WHAT IS NEEDED -
Your output should be everything below from the line containing "2) person [1336,677,1394,770]" down to the line containing "- rack frame at [974, 87, 1106, 471]", both ends included, copied exactly, with pictures left out.

-------

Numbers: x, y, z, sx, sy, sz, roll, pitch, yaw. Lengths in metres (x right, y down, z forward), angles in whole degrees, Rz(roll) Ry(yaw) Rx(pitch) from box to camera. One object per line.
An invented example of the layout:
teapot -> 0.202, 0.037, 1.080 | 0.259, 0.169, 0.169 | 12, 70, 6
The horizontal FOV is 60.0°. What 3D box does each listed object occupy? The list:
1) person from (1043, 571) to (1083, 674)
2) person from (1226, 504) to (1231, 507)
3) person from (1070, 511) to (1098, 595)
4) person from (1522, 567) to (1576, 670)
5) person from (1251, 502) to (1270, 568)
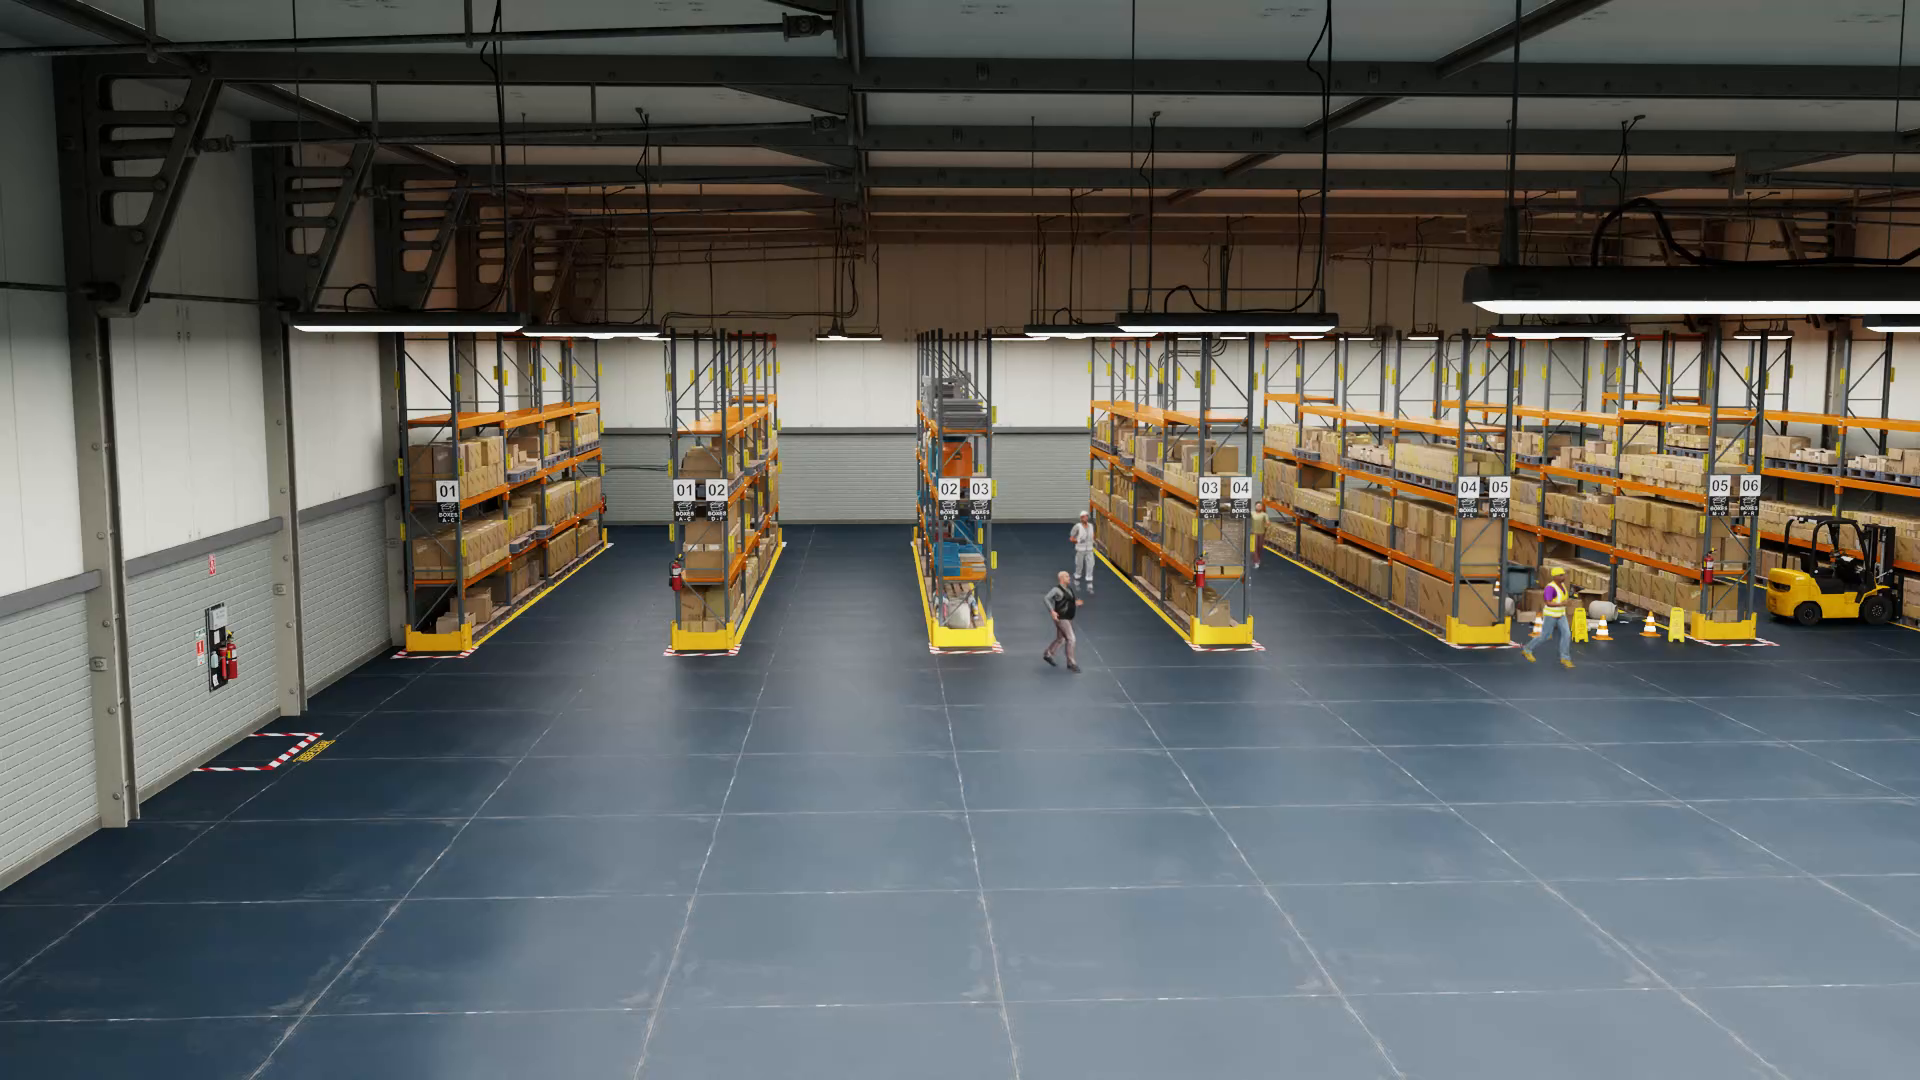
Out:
person -> 1.808, 1.424, 29.154 | 0.823, 1.758, 0.636 | 3, 8, 27
person -> 7.475, -0.557, 46.000 | 0.688, 1.814, 0.636 | 0, 7, 1
person -> 2.709, 0.270, 36.166 | 0.656, 1.819, 0.912 | -2, 7, -16
person -> 10.518, 1.370, 29.550 | 0.710, 1.808, 0.938 | -6, 9, -40
person -> 7.637, -0.156, 42.611 | 0.577, 1.663, 0.947 | 0, 7, 2
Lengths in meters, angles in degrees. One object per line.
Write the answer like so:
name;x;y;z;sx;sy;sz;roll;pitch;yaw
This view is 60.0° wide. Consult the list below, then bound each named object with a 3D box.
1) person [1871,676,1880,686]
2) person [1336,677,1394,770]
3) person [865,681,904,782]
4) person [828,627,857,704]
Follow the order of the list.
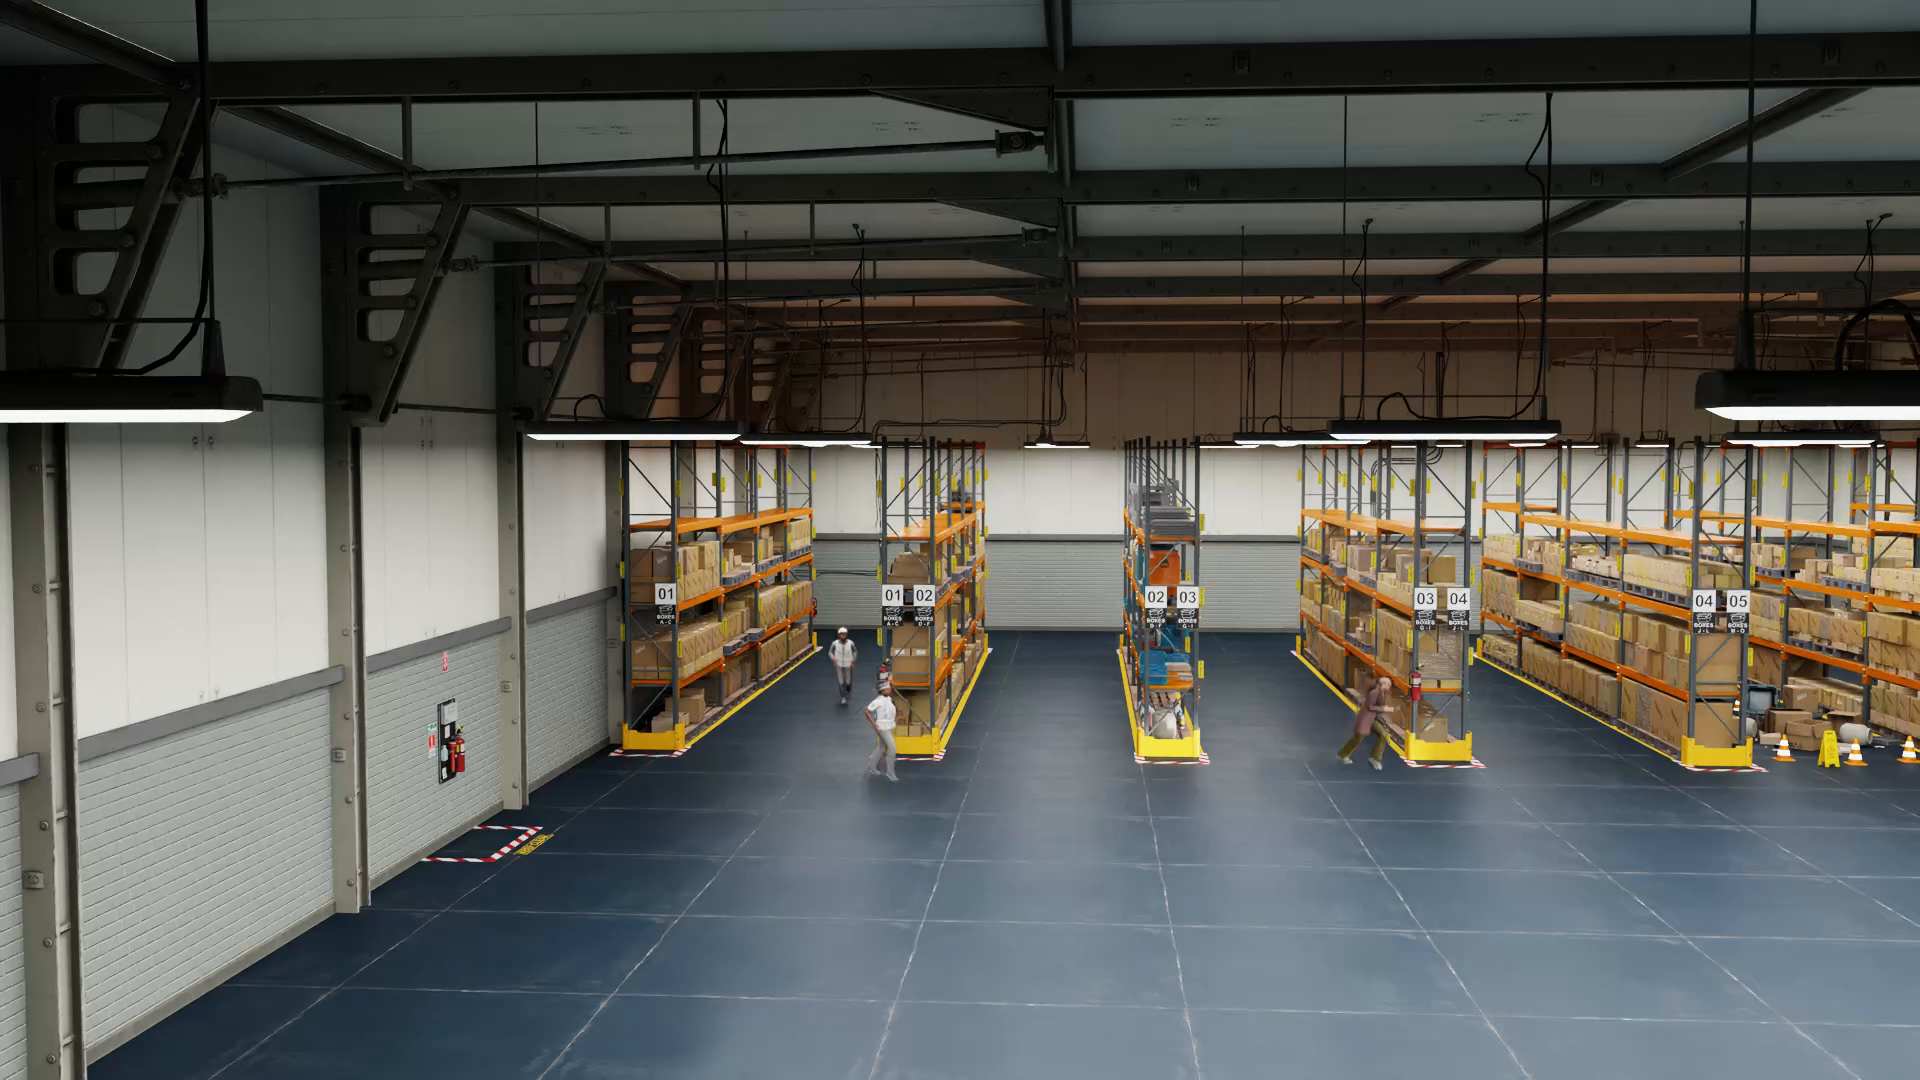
person;21.135;2.836;38.001;0.660;1.757;0.878;0;3;6
person;7.325;3.340;30.013;1.070;1.668;0.750;2;4;31
person;-1.320;3.328;28.945;0.767;1.757;0.545;1;3;22
person;-2.655;2.843;37.638;0.664;1.736;0.579;0;3;-4
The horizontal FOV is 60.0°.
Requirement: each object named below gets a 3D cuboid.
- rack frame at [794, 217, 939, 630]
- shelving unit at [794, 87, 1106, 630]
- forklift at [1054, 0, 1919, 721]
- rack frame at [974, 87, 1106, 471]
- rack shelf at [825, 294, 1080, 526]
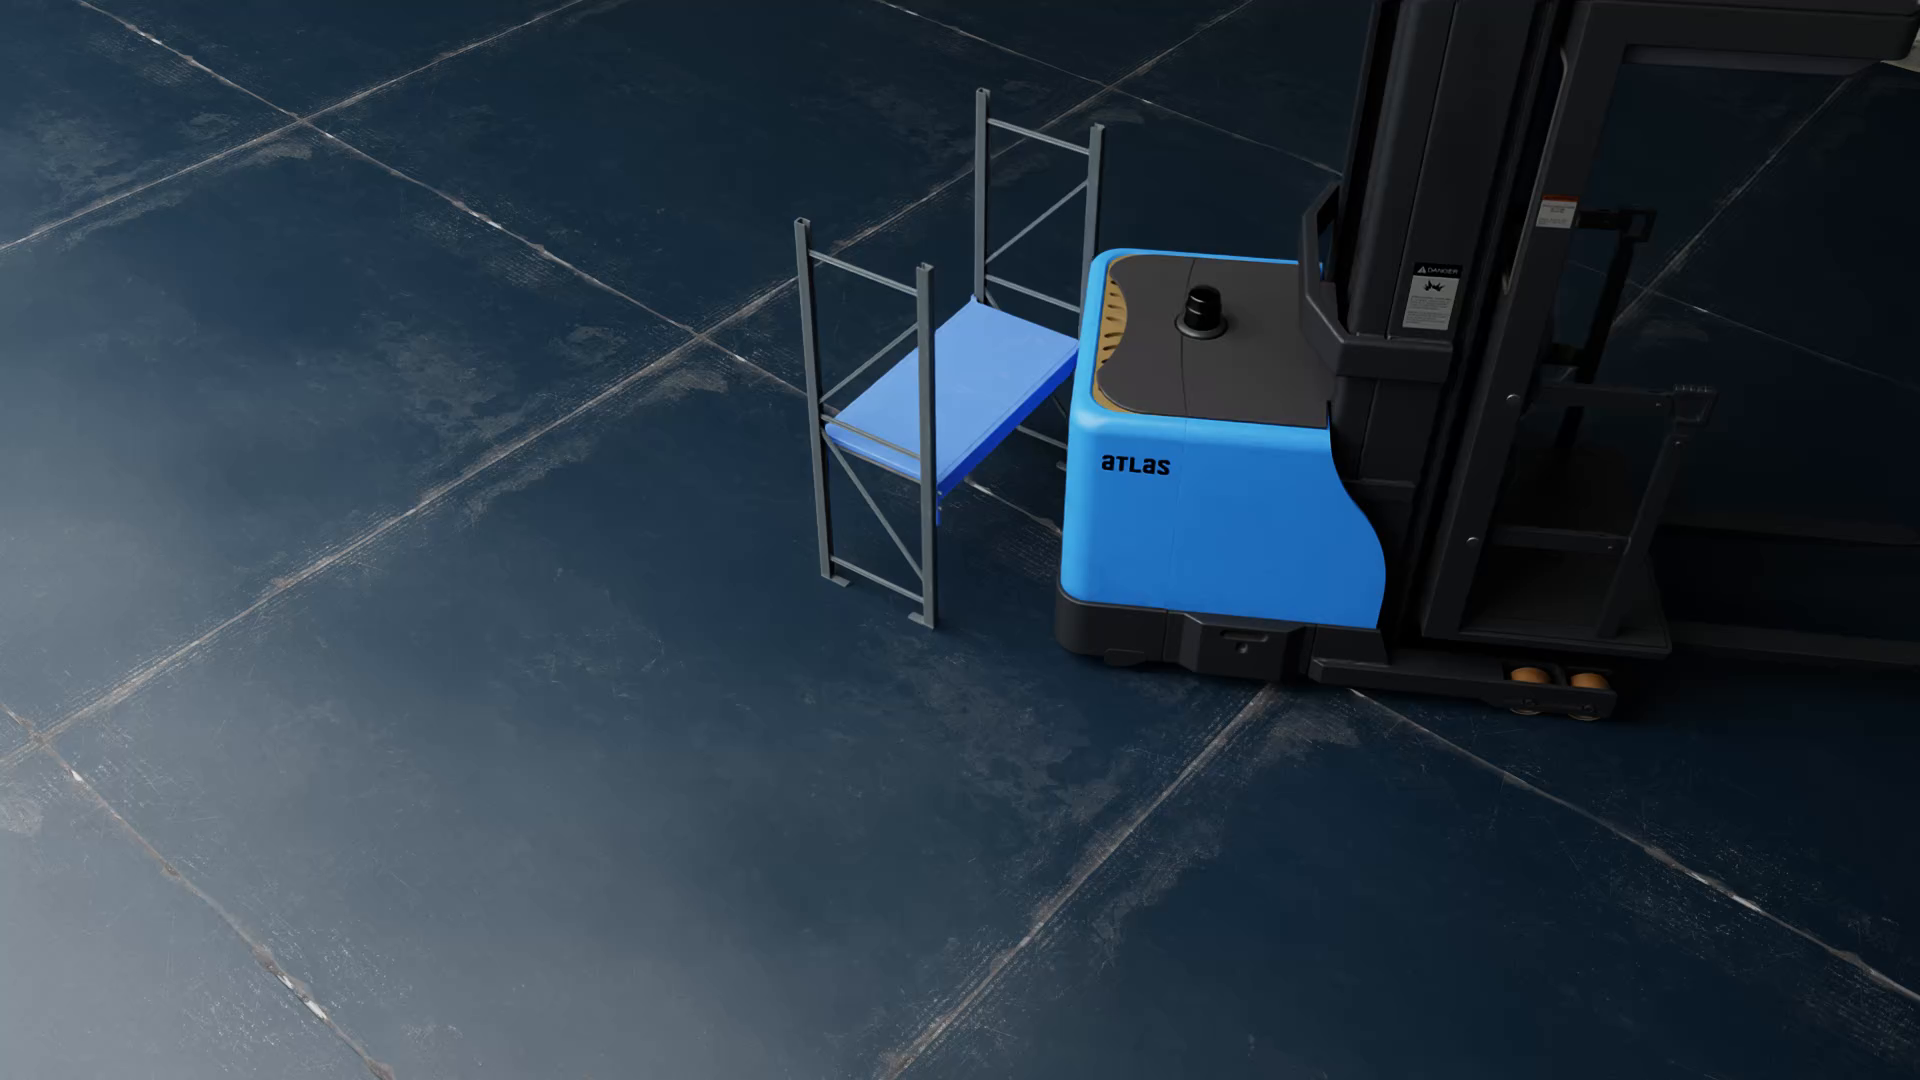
[{"bbox_3d":[-0.293,-0.337,5.506,0.500,1.500,0.032,24,48,24],"label":"rack frame"},{"bbox_3d":[-0.011,-0.621,5.819,0.538,1.500,1.048,24,48,24],"label":"shelving unit"},{"bbox_3d":[1.886,-0.862,5.019,3.031,2.935,1.130,5,43,6],"label":"forklift"},{"bbox_3d":[0.271,-0.906,6.132,0.500,1.500,0.032,24,48,24],"label":"rack frame"},{"bbox_3d":[-0.011,-0.488,5.940,0.538,0.185,1.000,24,48,24],"label":"rack shelf"}]

-------

RESULT FOR THIS EXERCISE -
2) person [1336,677,1394,770]
3) person [865,681,904,782]
4) person [828,627,857,704]
Follow the order of the list.
person;21.135;2.836;38.001;0.660;1.757;0.878;0;3;6
person;7.325;3.340;30.013;1.070;1.668;0.750;2;4;31
person;-1.320;3.328;28.945;0.767;1.757;0.545;1;3;22
person;-2.655;2.843;37.638;0.664;1.736;0.579;0;3;-4
The horizontal FOV is 60.0°.
Requirement: each object named below gets a 3D cuboid.
- rack frame at [794, 217, 939, 630]
- shelving unit at [794, 87, 1106, 630]
- forklift at [1054, 0, 1919, 721]
- rack frame at [974, 87, 1106, 471]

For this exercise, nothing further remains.